By then, Carter idolized MC Hammer. He began following the emcee wherever he performed. His devotion was soon rewarded; when MC Hammer signed his major record deal with Capitol Records, he chose Carter and two other Club Nu-Ho members to be extras in his video shoots. During one of the shoots, while waiting in the parking lot, Carter and his two partners began battling two other dance extras. When the music ended, one of the guys came over to talk to Carter. “You guys in a frat?” he asked.

“What do you mean?” asked Carter.

“You guys are doing Omega step,” he said. “I’m a Kappa.”

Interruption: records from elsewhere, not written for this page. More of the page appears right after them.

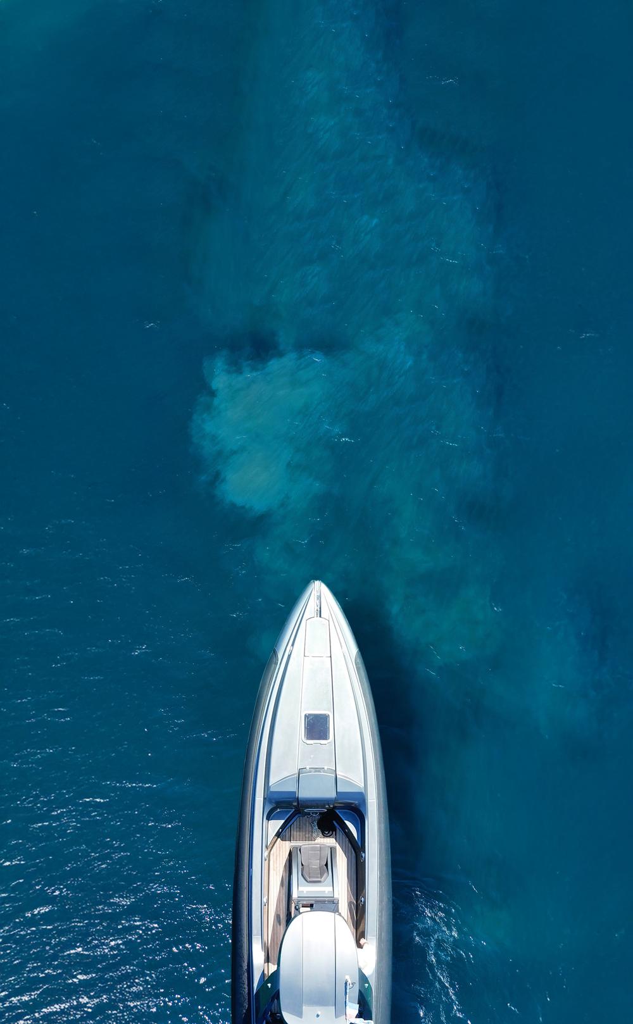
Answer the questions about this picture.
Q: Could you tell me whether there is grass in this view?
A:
No
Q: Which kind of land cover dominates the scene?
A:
water
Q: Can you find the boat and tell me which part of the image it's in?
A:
bottom
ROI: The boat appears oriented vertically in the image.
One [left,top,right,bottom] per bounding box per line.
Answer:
[232,580,391,1024]
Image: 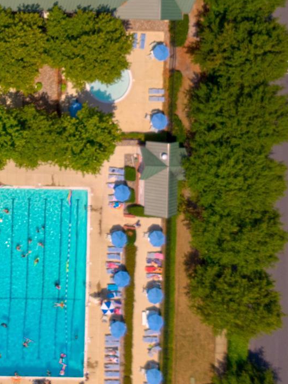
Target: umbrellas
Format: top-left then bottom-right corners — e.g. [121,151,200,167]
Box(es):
[145,313,162,330]
[110,230,127,247]
[145,288,162,304]
[102,301,114,314]
[147,231,165,248]
[152,44,168,59]
[109,320,127,336]
[113,269,130,286]
[150,111,168,129]
[145,367,162,384]
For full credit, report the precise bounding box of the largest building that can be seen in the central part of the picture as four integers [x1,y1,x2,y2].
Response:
[119,141,194,219]
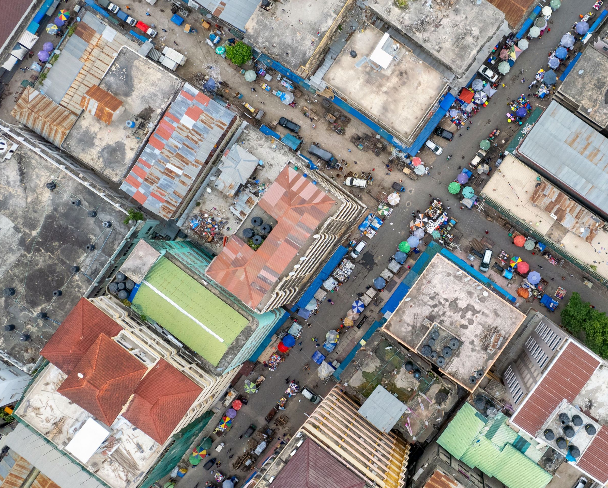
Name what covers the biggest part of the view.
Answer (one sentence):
Most of the picture is covered by buildings.
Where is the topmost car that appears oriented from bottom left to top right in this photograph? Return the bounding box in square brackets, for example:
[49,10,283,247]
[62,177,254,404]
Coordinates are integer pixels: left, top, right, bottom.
[468,149,486,169]
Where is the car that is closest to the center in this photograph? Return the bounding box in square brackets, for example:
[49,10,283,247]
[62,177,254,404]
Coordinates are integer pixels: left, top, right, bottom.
[351,239,367,259]
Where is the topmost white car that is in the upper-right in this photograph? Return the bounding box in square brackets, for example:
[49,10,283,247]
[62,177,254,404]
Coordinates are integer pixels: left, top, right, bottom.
[479,67,499,83]
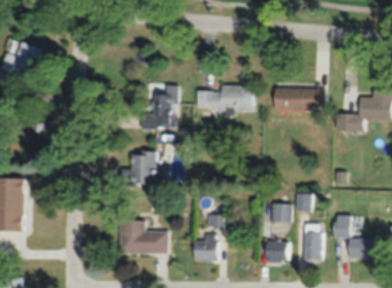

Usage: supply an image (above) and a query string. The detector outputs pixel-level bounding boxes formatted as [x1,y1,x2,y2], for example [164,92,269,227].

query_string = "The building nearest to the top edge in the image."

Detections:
[5,40,42,72]
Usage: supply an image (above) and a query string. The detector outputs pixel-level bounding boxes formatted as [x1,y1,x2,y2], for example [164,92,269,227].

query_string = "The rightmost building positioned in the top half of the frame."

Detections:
[335,92,392,132]

Even though they weren’t in a fraternity, the Kappa liked that they were mixing fraternity step dancing into their routines. Traditionally done by black fraternities and sororities, step is a type of movement in which dancers use their entire bodies to generate tempo and sound, usually with loud stomping in rhythmic unison and handclaps. That night, out at the club, instead of battling against each other, they joined forces to become the dance crew that would back MC Hammer onstage for the next five years, Ho Frat Ho. The crew would create the dance style that epitomized the beginning of the 1990s.


Looking back at Alonzo Carter’s early dancing days, it’s clear to see he was already honing the skills that he now passes on to Oakland’s young athletes: discipline, perseverance, and an appreciation for college culture. Very early in his coaching career, he realized that young players needed to have other skills to fall back on if their athletic careers fizzle out — which most do.

A few months after starting as a volunteer coach at McClymonds High School, Carter was offered an additional paid position as the track coach. A year later, by 1994, the school offered to pay him as football coach, too. He fully threw himself into coaching; his track team went from last to first in their league, and his football team went to the championships. But even as his kids excelled athletically, Carter felt like it wasn’t enough. “Nobody had signed scholarships, and it bothered me,” he said.

Although other schools’ runners and players were getting signed to university teams, his equally talented kids weren’t being recruited. When he’d ask other coaches why, he just got the same answer: “Well, you’re McClymonds.”

“And I was like, ‘What the hell does that mean?'”

McClymonds deserved its reputation as a tough school. During and after games, players would pick fights against competing teams. “The theory was, we might lose the game, but we’re gonna win the fight,” Carter recalled. But it was also an athletic school. Its official motto is “School of Champions,” and indeed, among McClymonds’ alumni are professional basketball players Bill Russell and Paul Silas of the Boston Celtics, professional baseball player Frank Robinson of the Cincinnati Reds and the Baltimore Orioles, and Olympic runner and gold medalist Jim Hines. When Carter started coaching he told his players, “Let’s win the game; forget the fight.”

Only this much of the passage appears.